-- INFORMATION PROVIDED follows --

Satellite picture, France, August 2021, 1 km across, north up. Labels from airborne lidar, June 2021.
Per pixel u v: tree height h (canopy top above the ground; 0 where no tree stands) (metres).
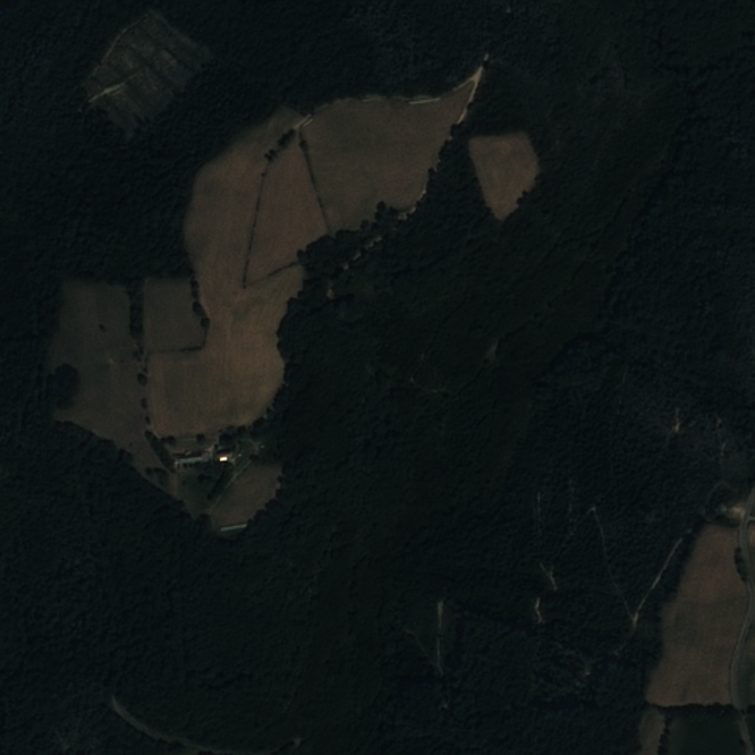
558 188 6
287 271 0
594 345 27
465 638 20
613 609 6
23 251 15
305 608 26
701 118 7
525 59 18
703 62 25
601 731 21
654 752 0
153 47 0
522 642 25
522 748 25
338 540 13
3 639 14
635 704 12
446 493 10
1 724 10
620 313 24
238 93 6
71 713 8
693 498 0
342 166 0
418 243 16
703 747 0
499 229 15
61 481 26
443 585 9
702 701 0
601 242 11
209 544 14
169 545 22
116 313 0
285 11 27
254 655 22
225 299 0
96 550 16
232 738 20
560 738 28
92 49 18
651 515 18
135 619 18
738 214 20
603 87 13
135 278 7
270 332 0
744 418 24
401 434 16
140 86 0
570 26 19
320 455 20
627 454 7
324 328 27
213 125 6
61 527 19
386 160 0
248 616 20
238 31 23
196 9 19
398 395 11
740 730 0
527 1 19
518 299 9
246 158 0
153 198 6
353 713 9
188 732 14
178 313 0
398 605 12
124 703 16
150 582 28
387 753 15
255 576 19
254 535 15
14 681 24
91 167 9
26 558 22
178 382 0
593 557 6
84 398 0
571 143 7
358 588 15
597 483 6
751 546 0
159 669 21
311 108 9
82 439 16
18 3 23
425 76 18
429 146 0
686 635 0
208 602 24
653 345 20
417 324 9
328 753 12
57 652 25
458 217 8
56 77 16
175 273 7
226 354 0
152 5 16
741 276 16
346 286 10
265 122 0
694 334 26
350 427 24
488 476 9
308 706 9
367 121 0
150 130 6
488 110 6
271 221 0
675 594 13
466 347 10
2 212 21
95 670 25
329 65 15
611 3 22
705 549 0
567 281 8
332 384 16
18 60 16
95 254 20
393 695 9
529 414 10
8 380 21
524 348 11
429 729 25
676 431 0
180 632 18
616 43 5
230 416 0
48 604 18
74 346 0
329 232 0
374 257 16
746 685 0
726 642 0
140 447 0
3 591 20
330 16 23
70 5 16
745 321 13
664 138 7
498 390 11
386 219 17
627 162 7
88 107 11
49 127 16
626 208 10
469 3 19
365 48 18
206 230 0
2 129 14
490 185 0
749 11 26
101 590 20
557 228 19
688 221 21
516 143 0
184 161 6
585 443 8
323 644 13
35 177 18
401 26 22
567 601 7
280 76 20
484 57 6
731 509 0
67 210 19
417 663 12
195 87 6
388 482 19
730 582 0
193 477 0
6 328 13
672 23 19
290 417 15
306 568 25
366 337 23
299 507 12
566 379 29
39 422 15
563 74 17
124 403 0
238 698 25
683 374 25
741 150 19
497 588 13
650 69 26
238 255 0
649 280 26
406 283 30
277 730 11
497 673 25
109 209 10
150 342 0
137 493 24
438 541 8
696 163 22
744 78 25
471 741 24
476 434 6
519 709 30
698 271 22
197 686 21
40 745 18
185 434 0
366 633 9
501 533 13
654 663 14
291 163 0
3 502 23
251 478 0
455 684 18
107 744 10
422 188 0
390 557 16
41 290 11
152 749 24
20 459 25
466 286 18
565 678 15
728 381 15
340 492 29
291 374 14
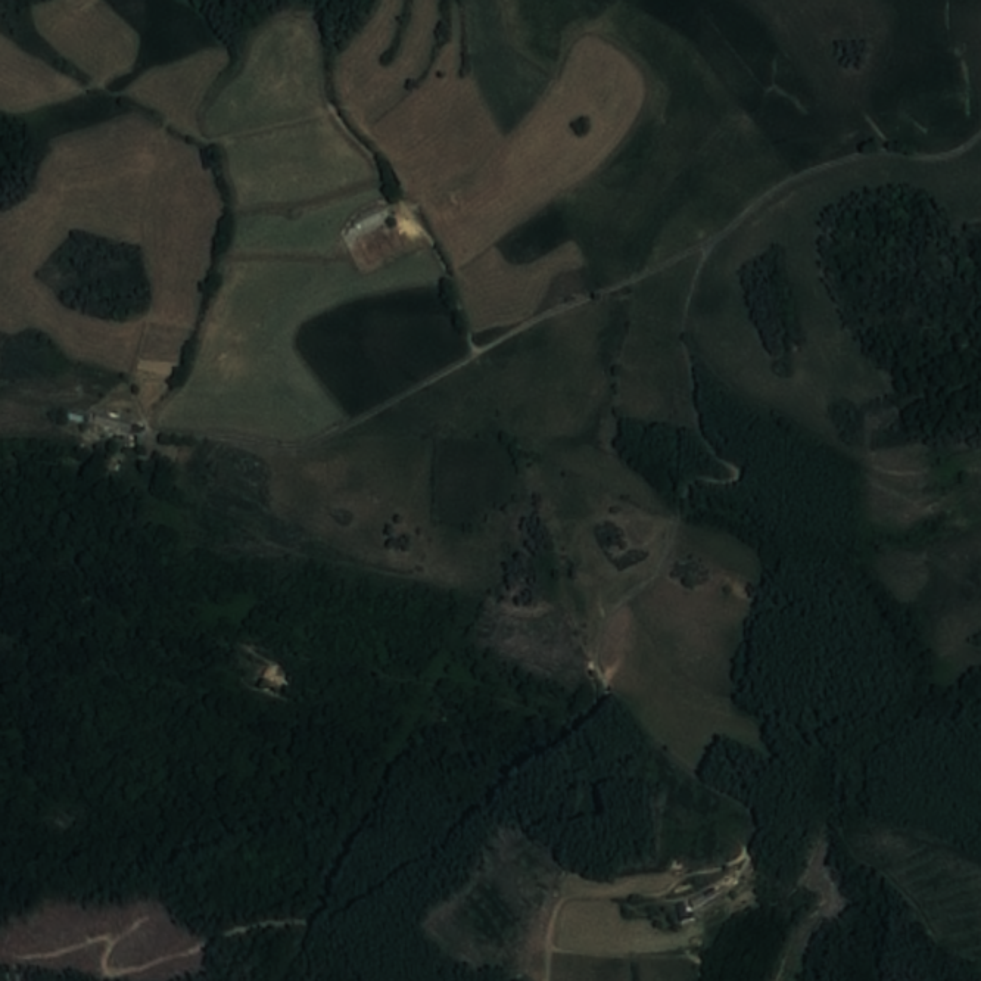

-- INFORMATION PROVIDED concluded --

YOUR ASSIGNMENT - Reproduce all entries exactly. Pictures do not belong in the copy.

RESULT -
Satellite picture, France, August 2021, 1 km across, north up. Labels from airborne lidar, June 2021.
Per pixel u v: tree height h (canopy top above the ground; 0 where no tree stands) (metres).
558 188 6
287 271 0
594 345 27
465 638 20
613 609 6
23 251 15
305 608 26
701 118 7
525 59 18
703 62 25
601 731 21
654 752 0
153 47 0
522 642 25
522 748 25
338 540 13
3 639 14
635 704 12
446 493 10
1 724 10
620 313 24
238 93 6
71 713 8
693 498 0
342 166 0
418 243 16
703 747 0
499 229 15
61 481 26
443 585 9
702 701 0
601 242 11
209 544 14
169 545 22
116 313 0
285 11 27
254 655 22
225 299 0
96 550 16
232 738 20
560 738 28
92 49 18
651 515 18
135 619 18
738 214 20
603 87 13
135 278 7
270 332 0
744 418 24
401 434 16
140 86 0
570 26 19
320 455 20
627 454 7
324 328 27
213 125 6
61 527 19
386 160 0
248 616 20
238 31 23
196 9 19
398 395 11
740 730 0
527 1 19
518 299 9
246 158 0
153 198 6
353 713 9
188 732 14
178 313 0
398 605 12
124 703 16
150 582 28
387 753 15
255 576 19
254 535 15
14 681 24
91 167 9
26 558 22
178 382 0
593 557 6
84 398 0
571 143 7
358 588 15
597 483 6
751 546 0
159 669 21
311 108 9
82 439 16
18 3 23
425 76 18
429 146 0
686 635 0
208 602 24
653 345 20
417 324 9
328 753 12
57 652 25
458 217 8
56 77 16
175 273 7
226 354 0
152 5 16
741 276 16
346 286 10
265 122 0
694 334 26
350 427 24
488 476 9
308 706 9
367 121 0
150 130 6
488 110 6
271 221 0
675 594 13
466 347 10
2 212 21
95 670 25
329 65 15
611 3 22
705 549 0
567 281 8
332 384 16
18 60 16
95 254 20
393 695 9
529 414 10
8 380 21
524 348 11
429 729 25
676 431 0
180 632 18
616 43 5
230 416 0
48 604 18
74 346 0
329 232 0
374 257 16
746 685 0
726 642 0
140 447 0
3 591 20
330 16 23
70 5 16
745 321 13
664 138 7
498 390 11
386 219 17
627 162 7
88 107 11
49 127 16
626 208 10
469 3 19
365 48 18
206 230 0
2 129 14
490 185 0
749 11 26
101 590 20
557 228 19
688 221 21
516 143 0
184 161 6
585 443 8
323 644 13
35 177 18
401 26 22
567 601 7
280 76 20
484 57 6
731 509 0
67 210 19
417 663 12
195 87 6
388 482 19
730 582 0
193 477 0
6 328 13
672 23 19
290 417 15
306 568 25
366 337 23
299 507 12
566 379 29
39 422 15
563 74 17
124 403 0
238 698 25
683 374 25
741 150 19
497 588 13
650 69 26
238 255 0
649 280 26
406 283 30
277 730 11
497 673 25
109 209 10
150 342 0
137 493 24
438 541 8
696 163 22
744 78 25
471 741 24
476 434 6
519 709 30
698 271 22
197 686 21
40 745 18
185 434 0
366 633 9
501 533 13
654 663 14
291 163 0
3 502 23
251 478 0
455 684 18
107 744 10
422 188 0
390 557 16
41 290 11
152 749 24
20 459 25
466 286 18
565 678 15
728 381 15
340 492 29
291 374 14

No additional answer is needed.